Este es el momento de la verdad para la República Popular. Por eso todo vuelve al comienzo, a 1978. Para Deng Xiaoping era una evidencia que en el capitalismo no hay determinismo tecnológico. De ahí que descartara a la industria pesada como impulso central de desarrollo, y afirmara que la fuerza de China - su principal “factor de producción” - era el vigor y la capacidad de emprendimiento del pueblo chino.

Esta era la creencia básica de Mao y Deng Xiaoping: la grandeza de China es la de su pueblo. Por eso lo esencial no es la productividad sino la innovación. El alza de la productividad es una forma de medir la tasa de incremento de la innovación.

El “desarrollo de las fuerzas productivas” equivale a desatar todo el potencial de creatividad del pueblo chino. Había que despertar su pasión por crear riqueza, vivir mejor, y hacerlo con dignidad.

Deng Xiaoping percibe que el capitalismo no avanza por los descubrimientos científicos, sino por la energía de los emprendedores y su vocación de innovar. El progreso capitalista es una hazaña, un salto a lo desconocido.

En la “fase Xi Jinping” lo esencial no es la comercialización de los smartphones 5G el próximo año, o la disputa con EE.UU. por la inteligencia artificial, sino la incesante creación de empresas (más de 24 millones han surgido en los últimos 5 años).

Se ha desatado un segundo “milagro chino”, un extraordinario fenómeno de innovación de masas que la ha convertido en un gigantesco laboratorio de innovaciones y descubrimientos. Los grandes saltos tecnológicos – China es la prueba – ocurren solo dentro de olas masivas de innovación, impulsadas por la búsqueda de mayores ganancias en formas superiores de producción.

Deng Xiaoping no era un economista. Su experiencia surgía de su condición de comisario de la Larga Marcha (1934-1935) y mano derecha de Mao Tse Tung en el Partido y en el Estado.
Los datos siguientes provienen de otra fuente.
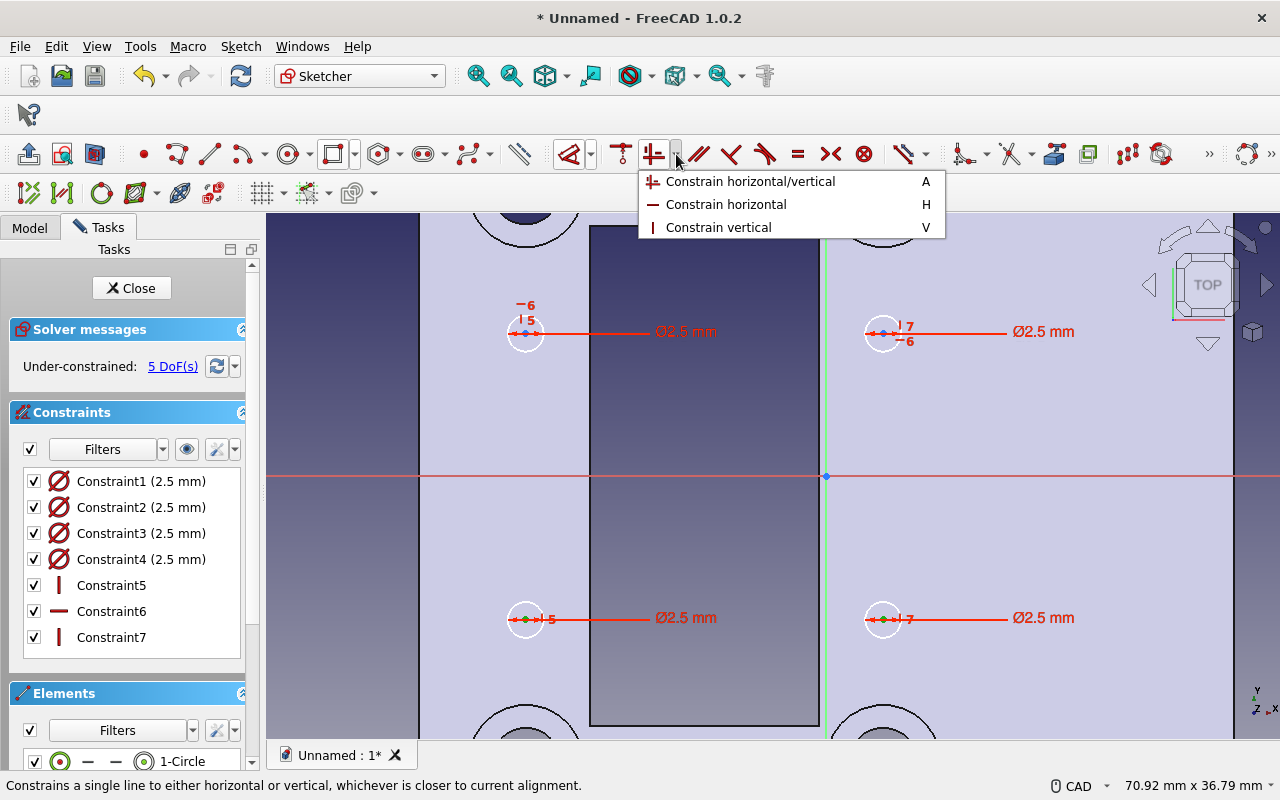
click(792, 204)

Era un político y un visionario. Lo único que sabía era lo esencial: había que despertar las inmensas potencialidades del pueblo chino, medida por el alza de la productividad.

Las high tech chinas, con Huawei a la cabeza, lanzan las smartphones de quinta generación (5G) en el primer semestre de 2019. La potencia de la 5G es 10/15 veces superior a la 4G; y esperan vender más de 40% de los 108.2 millones de unidades previstas para 2021 (+255% anual).

Eso no es lo fundamental. Lo decisivo es lo que revela el Índice de Innovación de China (CII) publicado por la Oficina de Estadísticas (NBS). Sostiene que alcanzó a 193.3 puntos en 2017, récord histórico (+6,8% anual), con 5 de sus principales indicadores trepando doble dígito: inversión per cápita en I&D, empresas volcadas a la I&D fundamental, patentes por cada 100 empresas de este tipo y 1.000 investigadores, entre otros.

Hay en China 4, 074 millones de investigadores high tech (+4% anual); y las patentes domésticas con estándares internacionales alcanzaron a 1.724 millones en 2017 (+5,6% por año). La ley de los grandes números indica que de aquí van a surgir un número proporcional de premios Nobel, de modo de competir con Estados Unidos también en este plano.

Esta semana se cumplieron 40 años del proceso de apertura y reformas de la República Popular, cuando Deng Xiaoping volcó el sistema al capitalismo.